:: WORK INSTRUCTION ::
Would you work out how many lines below include the word "object"? Only that number is wanted.

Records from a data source

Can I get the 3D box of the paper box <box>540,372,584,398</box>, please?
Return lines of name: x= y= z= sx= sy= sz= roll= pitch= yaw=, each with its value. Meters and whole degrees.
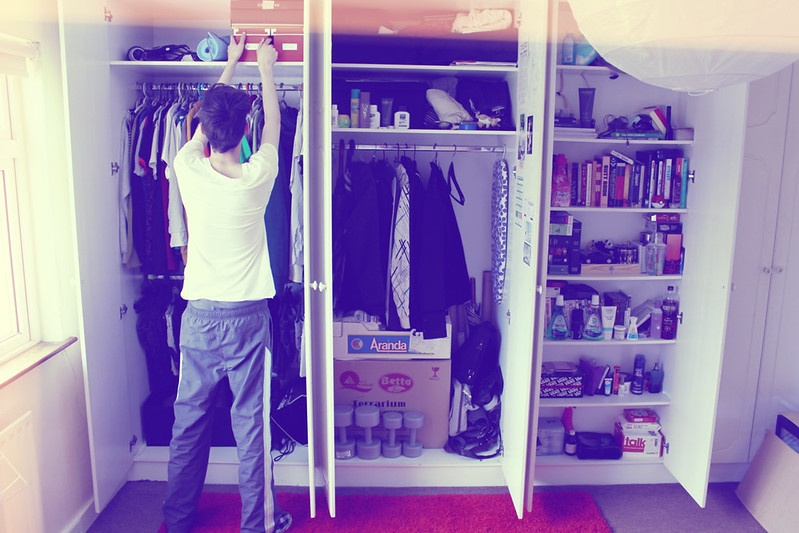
paper box: x=1.062 y=0.781 z=4.073 sx=0.257 sy=0.121 sz=0.184 roll=0 pitch=7 yaw=-1

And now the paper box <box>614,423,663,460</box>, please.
paper box: x=1.598 y=1.148 z=4.248 sx=0.243 sy=0.155 sz=0.239 roll=0 pitch=-1 yaw=5

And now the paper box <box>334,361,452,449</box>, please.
paper box: x=-0.037 y=0.731 z=4.203 sx=0.847 sy=0.693 sz=0.447 roll=0 pitch=2 yaw=2
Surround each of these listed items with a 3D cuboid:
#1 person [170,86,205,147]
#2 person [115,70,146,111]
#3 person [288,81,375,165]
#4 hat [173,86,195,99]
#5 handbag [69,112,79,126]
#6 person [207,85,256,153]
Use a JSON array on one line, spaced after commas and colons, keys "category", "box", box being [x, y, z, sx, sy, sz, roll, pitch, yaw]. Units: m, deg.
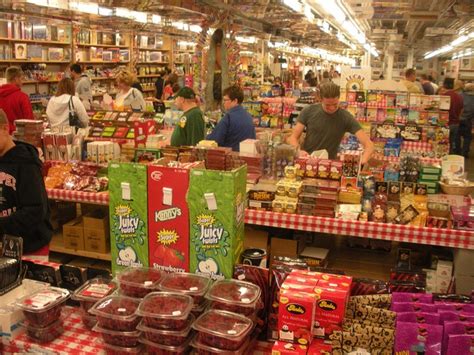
[{"category": "person", "box": [-0.655, -0.826, 5.119, 0.458, 0.776, 0.594, 2, 9, -7]}, {"category": "person", "box": [-2.161, -1.770, 7.726, 0.606, 0.768, 0.838, 1, 10, -14]}, {"category": "person", "box": [1.156, -0.659, 4.607, 0.967, 0.929, 0.778, 7, 10, 21]}, {"category": "hat", "box": [-0.710, -1.152, 5.276, 0.288, 0.147, 0.211, 10, 16, 33]}, {"category": "handbag", "box": [-2.525, -0.900, 5.886, 0.138, 0.204, 0.183, 0, 10, -16]}, {"category": "person", "box": [-0.059, -0.795, 5.097, 0.629, 0.852, 0.471, 1, 9, -14]}]
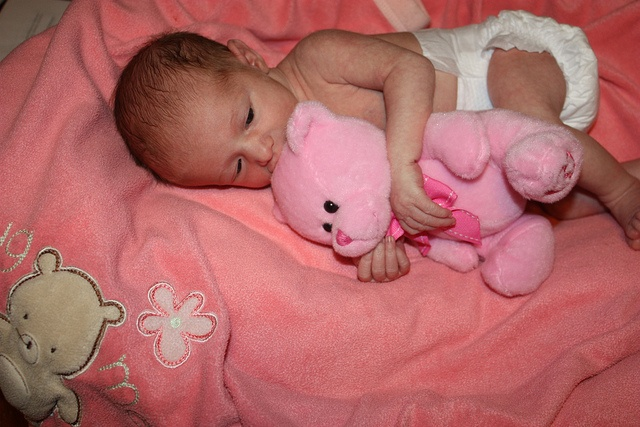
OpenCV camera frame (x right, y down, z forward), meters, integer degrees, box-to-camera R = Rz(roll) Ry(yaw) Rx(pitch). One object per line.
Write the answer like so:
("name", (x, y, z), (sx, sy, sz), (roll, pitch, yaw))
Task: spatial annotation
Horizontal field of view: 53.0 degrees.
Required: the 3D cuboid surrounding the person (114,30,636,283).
("person", (0.321, -0.160, 2.504), (2.344, 0.984, 0.777), (6, -7, -12))
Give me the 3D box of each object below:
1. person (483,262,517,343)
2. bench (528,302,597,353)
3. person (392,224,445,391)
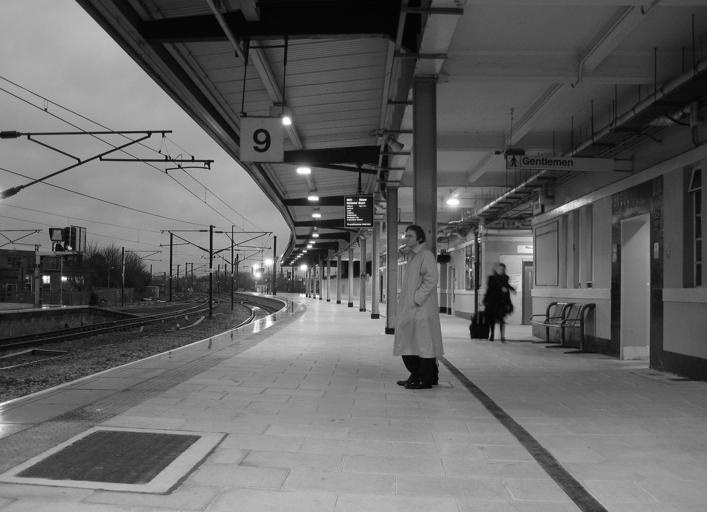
[{"bbox_3d":[3.819,1.211,16.309,0.800,2.053,1.406,-1,-1,14],"label":"person"},{"bbox_3d":[4.981,1.683,14.903,0.721,1.156,2.133,1,-3,-3],"label":"bench"},{"bbox_3d":[0.941,0.751,9.126,0.704,2.457,0.596,0,-1,5],"label":"person"}]
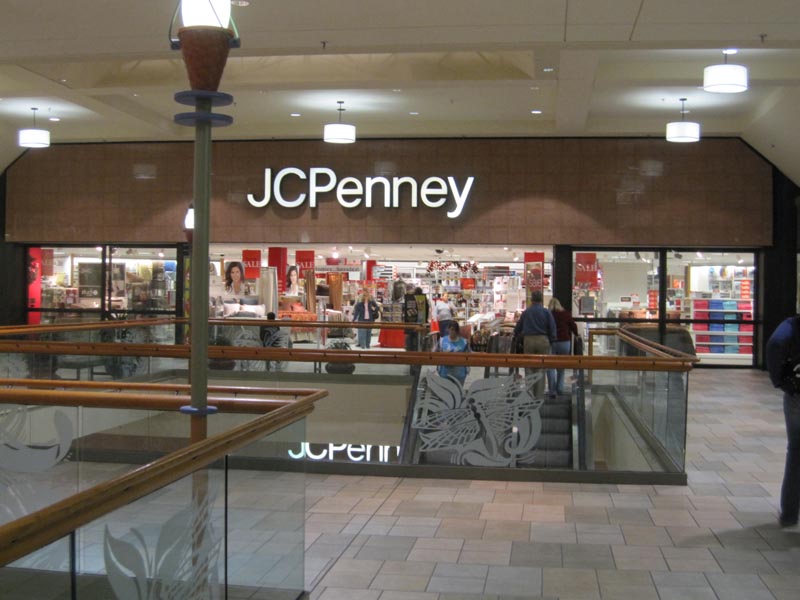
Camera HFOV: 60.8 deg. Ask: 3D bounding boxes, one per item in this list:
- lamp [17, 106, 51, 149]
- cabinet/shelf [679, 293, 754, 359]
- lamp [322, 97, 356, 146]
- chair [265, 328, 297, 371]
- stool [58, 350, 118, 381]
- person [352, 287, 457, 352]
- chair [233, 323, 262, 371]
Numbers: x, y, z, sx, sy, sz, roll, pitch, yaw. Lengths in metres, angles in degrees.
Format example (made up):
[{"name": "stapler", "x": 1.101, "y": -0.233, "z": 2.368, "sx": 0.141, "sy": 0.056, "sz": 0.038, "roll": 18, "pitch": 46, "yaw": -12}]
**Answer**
[{"name": "lamp", "x": -6.565, "y": -3.144, "z": 12.217, "sx": 0.624, "sy": 0.929, "sz": 0.636, "roll": -4, "pitch": 9, "yaw": -37}, {"name": "cabinet/shelf", "x": 6.074, "y": 0.407, "z": 13.033, "sx": 1.212, "sy": 1.170, "sz": 0.424, "roll": 1, "pitch": 1, "yaw": 1}, {"name": "lamp", "x": -0.978, "y": -2.963, "z": 11.345, "sx": 0.736, "sy": 0.853, "sz": 0.751, "roll": 0, "pitch": -3, "yaw": 1}, {"name": "chair", "x": -1.693, "y": 0.649, "z": 10.152, "sx": 0.666, "sy": 0.665, "sz": 0.405, "roll": 1, "pitch": 4, "yaw": -1}, {"name": "stool", "x": -3.412, "y": 0.685, "z": 7.445, "sx": 0.446, "sy": 0.225, "sz": 0.302, "roll": 1, "pitch": -3, "yaw": 9}, {"name": "person", "x": 0.365, "y": 0.309, "z": 12.667, "sx": 0.994, "sy": 0.899, "sz": 1.223, "roll": 2, "pitch": 2, "yaw": 28}, {"name": "chair", "x": -1.921, "y": 0.569, "z": 8.500, "sx": 0.178, "sy": 0.314, "sz": 0.306, "roll": -1, "pitch": 14, "yaw": 5}]

:: YOUR RESPONSE ::
2